Source information ->
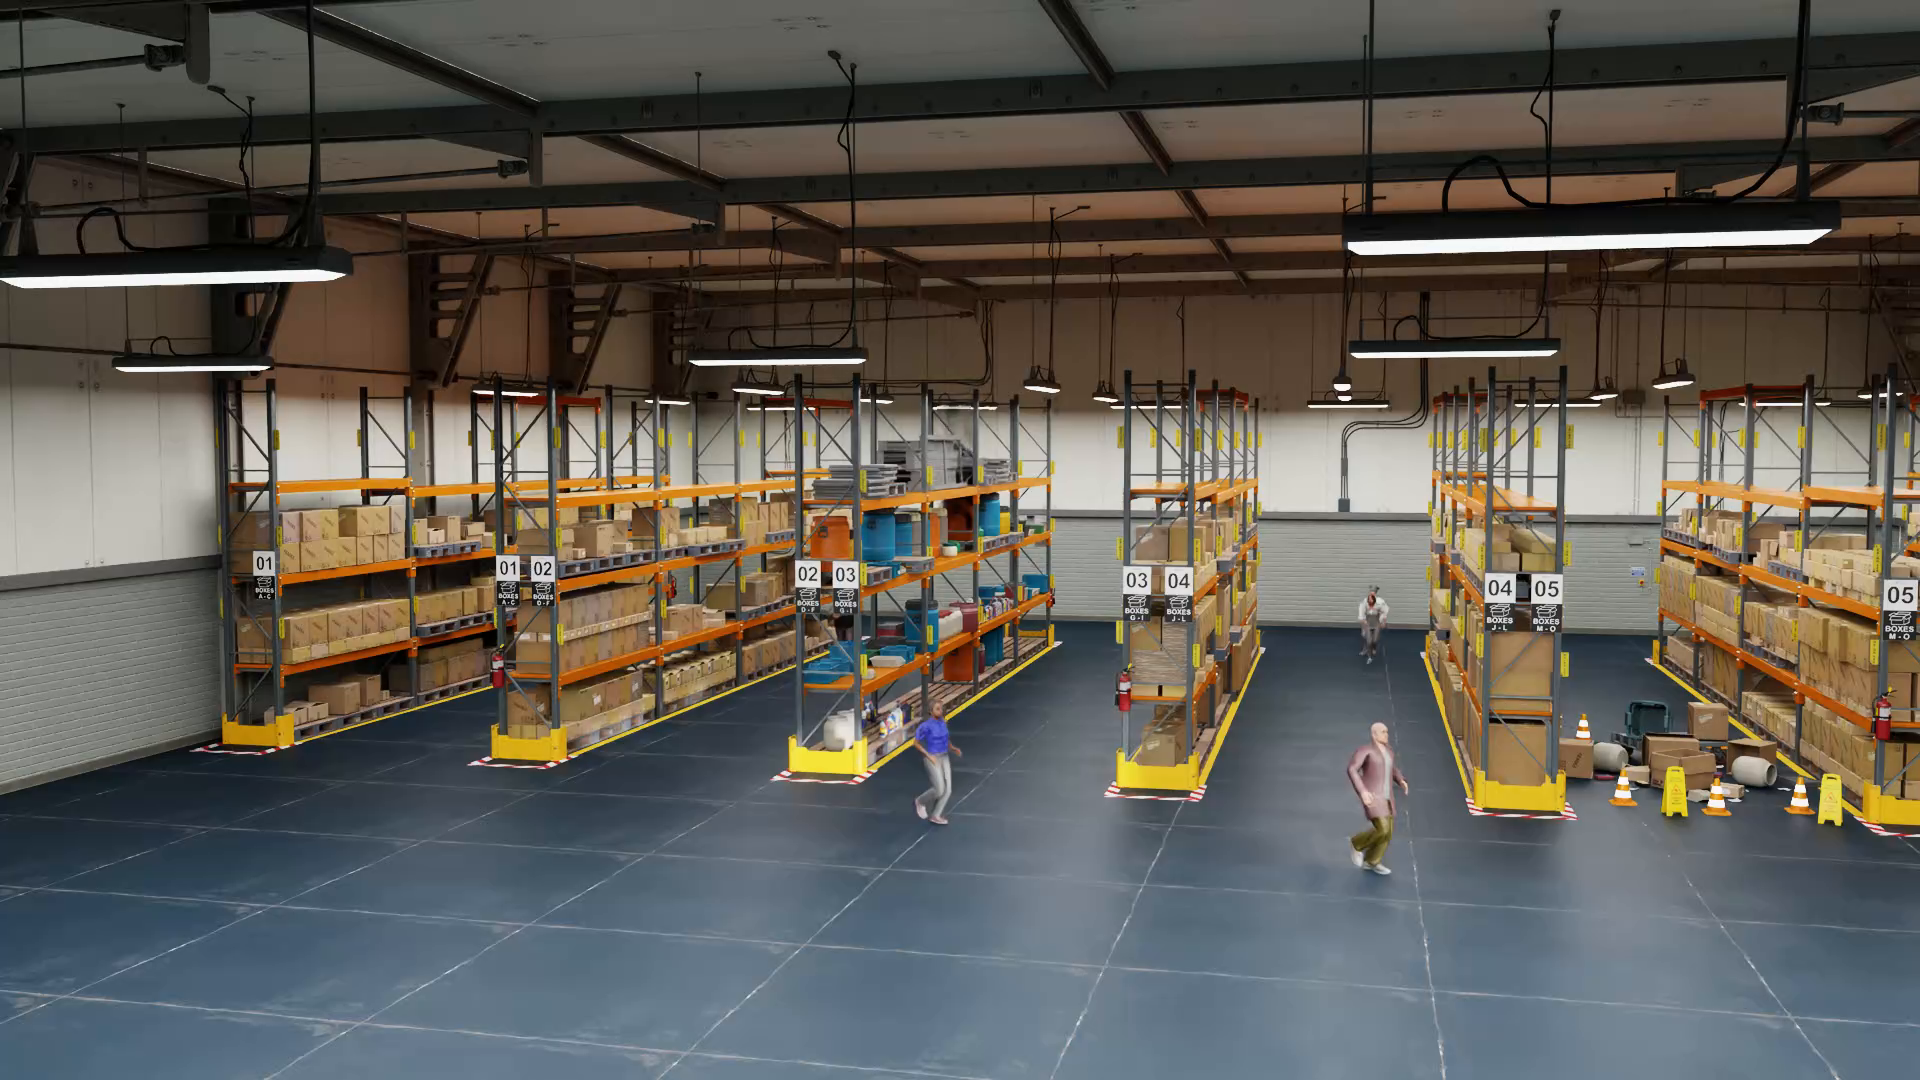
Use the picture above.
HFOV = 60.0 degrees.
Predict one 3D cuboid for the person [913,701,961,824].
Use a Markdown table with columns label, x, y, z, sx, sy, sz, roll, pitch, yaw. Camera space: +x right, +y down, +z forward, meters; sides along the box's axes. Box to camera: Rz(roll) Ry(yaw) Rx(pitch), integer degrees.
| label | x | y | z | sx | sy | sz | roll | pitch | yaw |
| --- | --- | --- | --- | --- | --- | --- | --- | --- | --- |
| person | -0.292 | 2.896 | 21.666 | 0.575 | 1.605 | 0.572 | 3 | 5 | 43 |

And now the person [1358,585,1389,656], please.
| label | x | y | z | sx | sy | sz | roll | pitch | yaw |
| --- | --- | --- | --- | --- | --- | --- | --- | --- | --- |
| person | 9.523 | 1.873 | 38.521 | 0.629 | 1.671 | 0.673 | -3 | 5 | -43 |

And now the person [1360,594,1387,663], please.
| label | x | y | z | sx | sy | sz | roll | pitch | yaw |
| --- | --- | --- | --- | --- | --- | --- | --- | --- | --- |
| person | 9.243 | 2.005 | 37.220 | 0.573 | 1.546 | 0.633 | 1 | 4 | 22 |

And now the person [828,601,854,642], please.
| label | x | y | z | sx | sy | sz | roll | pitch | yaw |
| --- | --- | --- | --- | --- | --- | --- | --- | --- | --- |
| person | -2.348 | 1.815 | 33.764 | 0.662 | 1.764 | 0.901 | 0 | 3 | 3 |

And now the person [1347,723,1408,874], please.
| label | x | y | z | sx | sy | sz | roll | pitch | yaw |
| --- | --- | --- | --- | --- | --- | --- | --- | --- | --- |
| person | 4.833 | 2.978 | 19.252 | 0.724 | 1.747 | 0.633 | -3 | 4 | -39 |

What you need to do -> Looking at the records above, please output exactly the lines that run from the one holding "And now the person [1360,594,1387,663], please." to the final line, and only those.

Task answer ->
And now the person [1360,594,1387,663], please.
| label | x | y | z | sx | sy | sz | roll | pitch | yaw |
| --- | --- | --- | --- | --- | --- | --- | --- | --- | --- |
| person | 9.243 | 2.005 | 37.220 | 0.573 | 1.546 | 0.633 | 1 | 4 | 22 |

And now the person [828,601,854,642], please.
| label | x | y | z | sx | sy | sz | roll | pitch | yaw |
| --- | --- | --- | --- | --- | --- | --- | --- | --- | --- |
| person | -2.348 | 1.815 | 33.764 | 0.662 | 1.764 | 0.901 | 0 | 3 | 3 |

And now the person [1347,723,1408,874], please.
| label | x | y | z | sx | sy | sz | roll | pitch | yaw |
| --- | --- | --- | --- | --- | --- | --- | --- | --- | --- |
| person | 4.833 | 2.978 | 19.252 | 0.724 | 1.747 | 0.633 | -3 | 4 | -39 |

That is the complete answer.